» **Data for this task**:
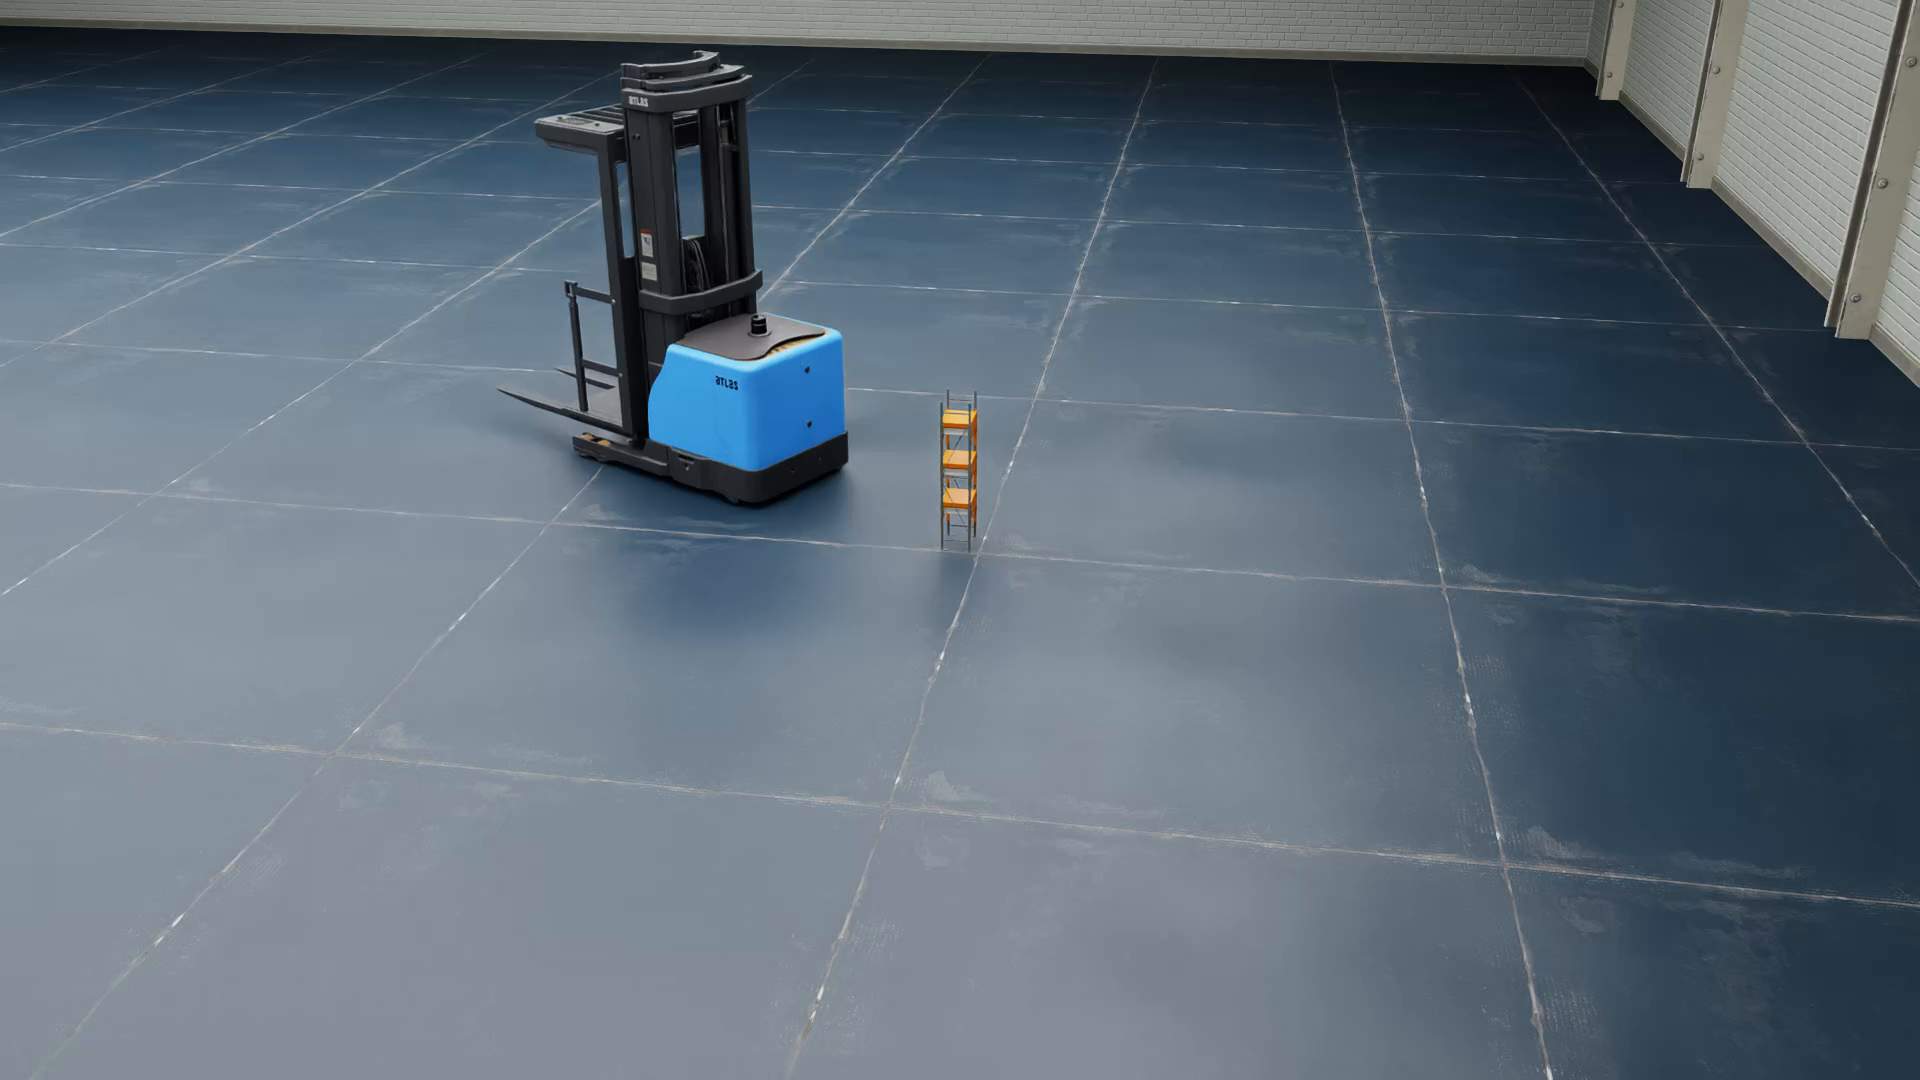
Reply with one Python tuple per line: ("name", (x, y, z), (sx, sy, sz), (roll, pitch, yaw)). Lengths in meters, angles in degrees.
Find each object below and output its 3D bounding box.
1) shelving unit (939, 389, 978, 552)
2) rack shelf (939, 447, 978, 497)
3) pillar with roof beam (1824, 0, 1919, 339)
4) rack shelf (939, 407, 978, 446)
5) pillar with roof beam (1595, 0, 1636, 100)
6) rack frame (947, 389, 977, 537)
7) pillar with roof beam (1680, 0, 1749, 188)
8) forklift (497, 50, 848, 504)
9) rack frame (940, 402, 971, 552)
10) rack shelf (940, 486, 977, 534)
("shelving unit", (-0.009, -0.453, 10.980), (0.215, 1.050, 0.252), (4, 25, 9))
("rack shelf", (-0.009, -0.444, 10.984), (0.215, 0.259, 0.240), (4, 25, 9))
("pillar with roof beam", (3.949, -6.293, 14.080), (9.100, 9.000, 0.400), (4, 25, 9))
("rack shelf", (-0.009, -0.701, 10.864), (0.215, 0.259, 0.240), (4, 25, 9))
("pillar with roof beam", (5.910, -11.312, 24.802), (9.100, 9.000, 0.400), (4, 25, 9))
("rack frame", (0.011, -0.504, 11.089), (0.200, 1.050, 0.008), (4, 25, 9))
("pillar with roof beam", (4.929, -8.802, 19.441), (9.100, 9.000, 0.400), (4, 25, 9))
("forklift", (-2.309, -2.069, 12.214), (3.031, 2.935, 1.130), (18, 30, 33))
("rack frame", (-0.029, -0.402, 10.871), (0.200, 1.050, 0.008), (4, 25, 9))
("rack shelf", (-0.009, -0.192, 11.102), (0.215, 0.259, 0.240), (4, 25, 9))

==

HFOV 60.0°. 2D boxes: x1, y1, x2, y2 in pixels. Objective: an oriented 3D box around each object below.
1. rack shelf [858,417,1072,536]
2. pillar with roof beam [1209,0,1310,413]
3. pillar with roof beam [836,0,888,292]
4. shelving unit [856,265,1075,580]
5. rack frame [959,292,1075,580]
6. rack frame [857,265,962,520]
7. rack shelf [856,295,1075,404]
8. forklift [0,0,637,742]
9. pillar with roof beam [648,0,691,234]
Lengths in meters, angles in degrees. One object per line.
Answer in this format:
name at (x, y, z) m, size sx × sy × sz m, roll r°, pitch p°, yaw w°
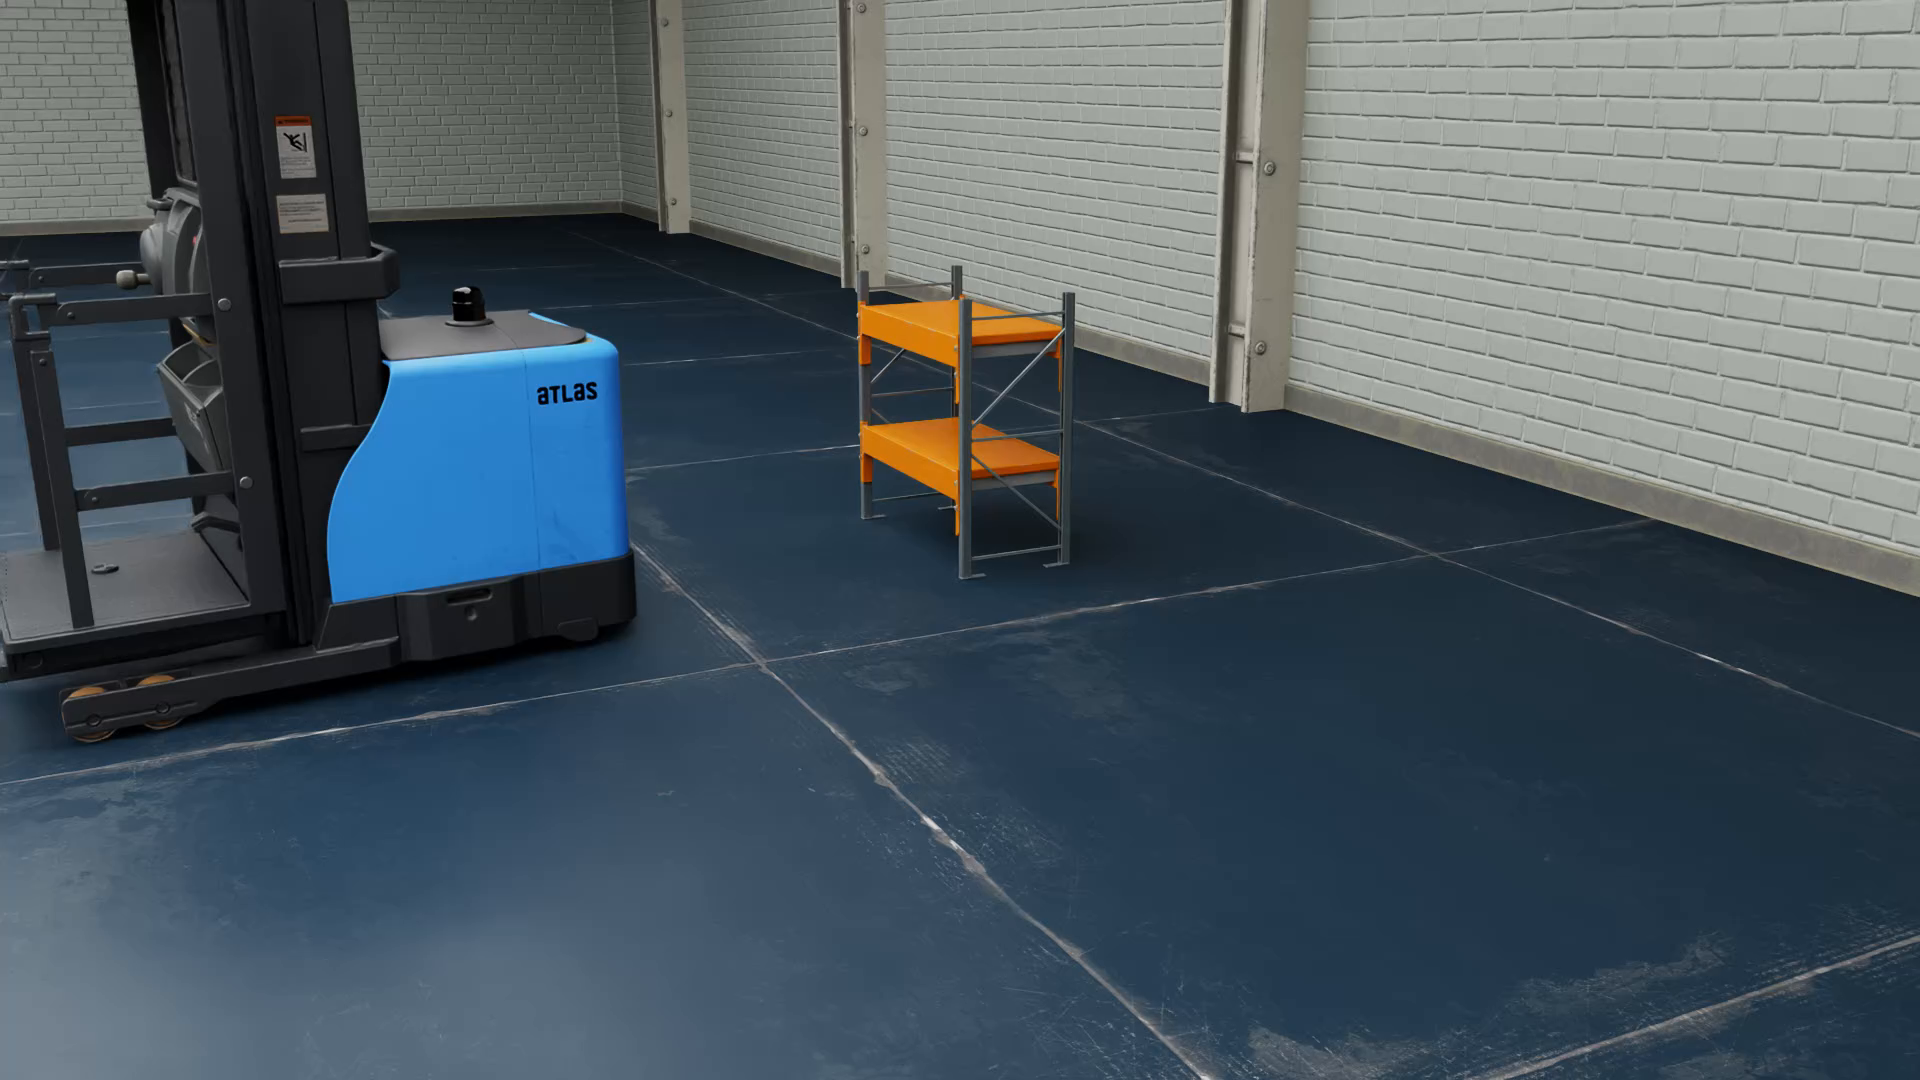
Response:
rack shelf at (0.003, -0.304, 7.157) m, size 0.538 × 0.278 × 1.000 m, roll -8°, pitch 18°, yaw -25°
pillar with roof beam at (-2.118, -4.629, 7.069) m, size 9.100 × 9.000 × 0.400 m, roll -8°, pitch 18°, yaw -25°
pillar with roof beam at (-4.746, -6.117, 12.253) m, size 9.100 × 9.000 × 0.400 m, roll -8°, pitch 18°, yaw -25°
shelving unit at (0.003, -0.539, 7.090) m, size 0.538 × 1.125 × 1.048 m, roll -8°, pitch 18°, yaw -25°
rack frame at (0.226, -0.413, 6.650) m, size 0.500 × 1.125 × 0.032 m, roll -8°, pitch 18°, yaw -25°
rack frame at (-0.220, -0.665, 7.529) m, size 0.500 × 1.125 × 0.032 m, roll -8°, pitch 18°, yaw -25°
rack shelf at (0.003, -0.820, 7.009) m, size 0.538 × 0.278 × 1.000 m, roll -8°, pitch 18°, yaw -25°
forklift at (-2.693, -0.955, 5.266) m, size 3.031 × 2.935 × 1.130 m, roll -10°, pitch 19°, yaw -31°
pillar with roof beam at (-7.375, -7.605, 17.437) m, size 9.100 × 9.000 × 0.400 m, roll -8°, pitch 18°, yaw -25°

==

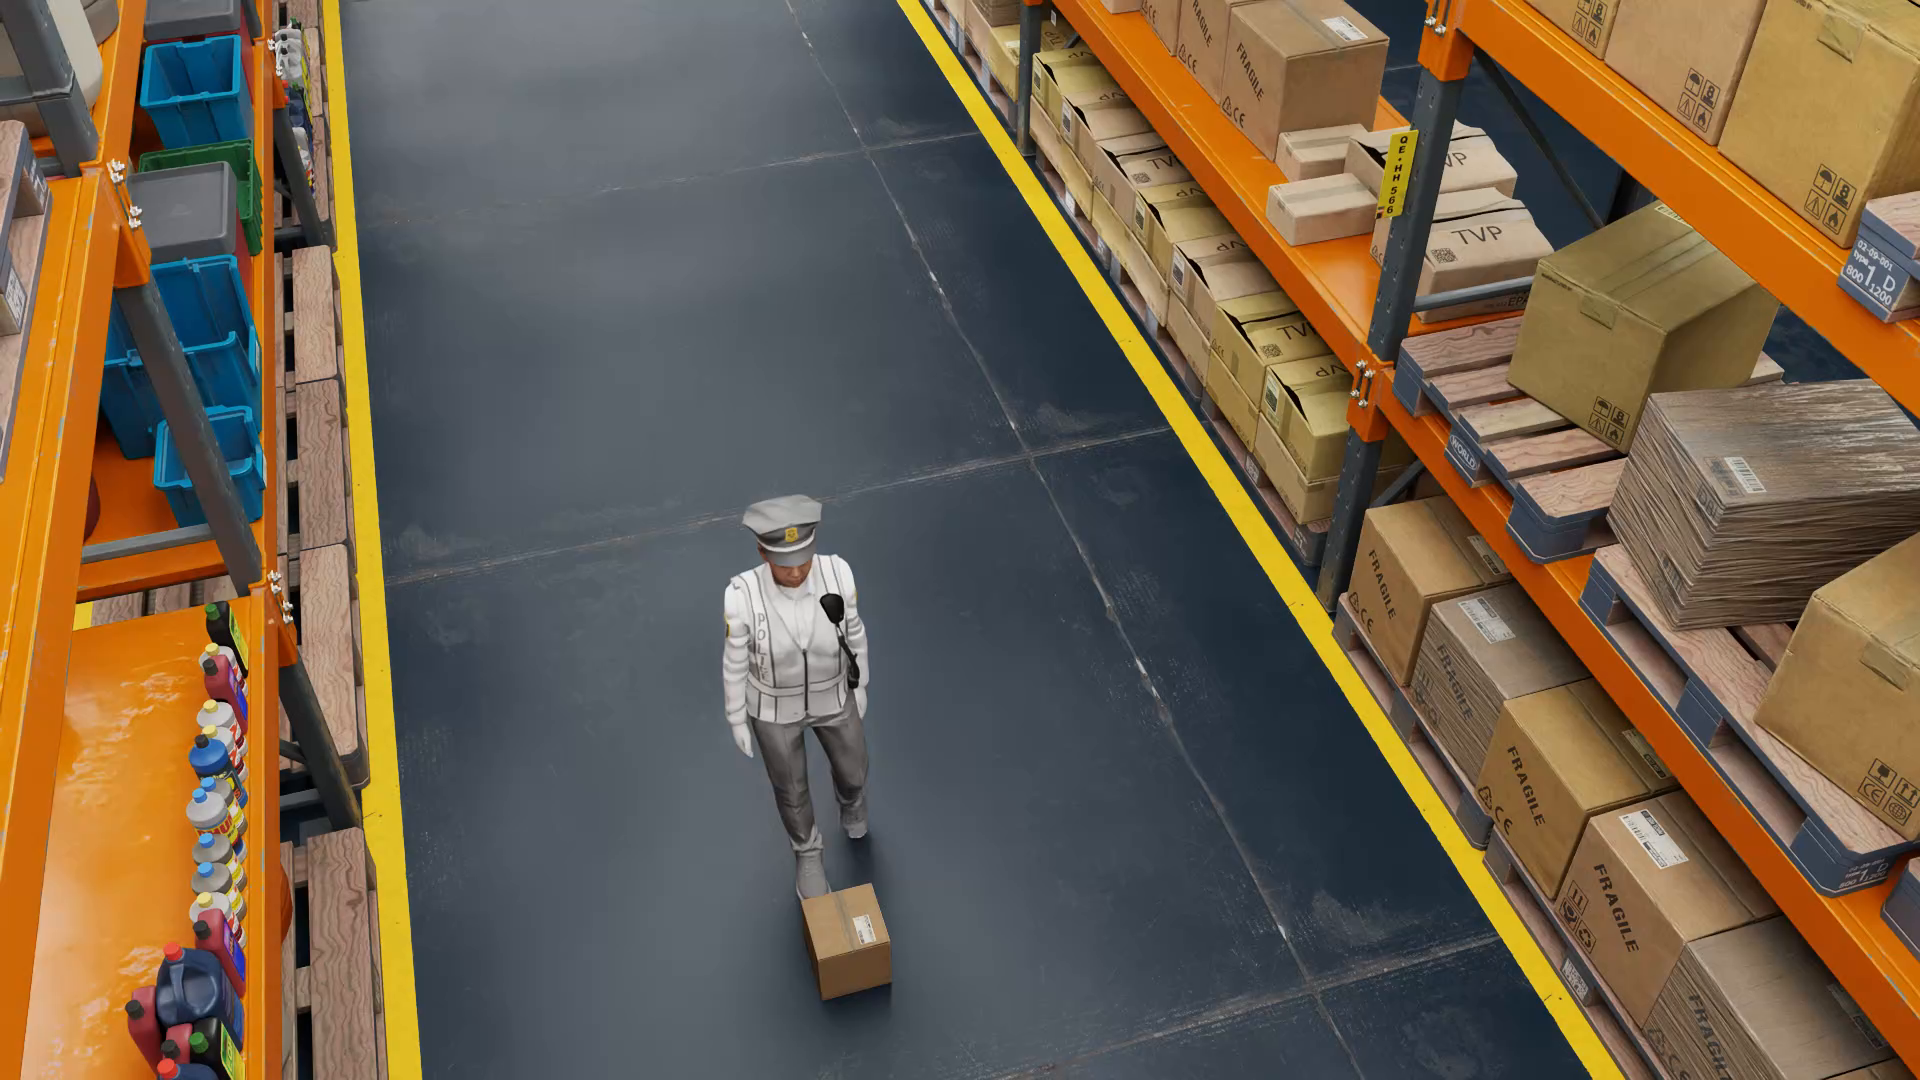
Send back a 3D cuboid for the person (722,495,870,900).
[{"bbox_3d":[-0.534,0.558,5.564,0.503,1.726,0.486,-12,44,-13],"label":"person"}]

» **Work instruction**:
Your answer must be the lines above from the one containing "8) forklift (497, 50, 848, 504)" to the one containing "9) rack frame (940, 402, 971, 552)", both included, restated word for word.

» **Worked solution**:
8) forklift (497, 50, 848, 504)
9) rack frame (940, 402, 971, 552)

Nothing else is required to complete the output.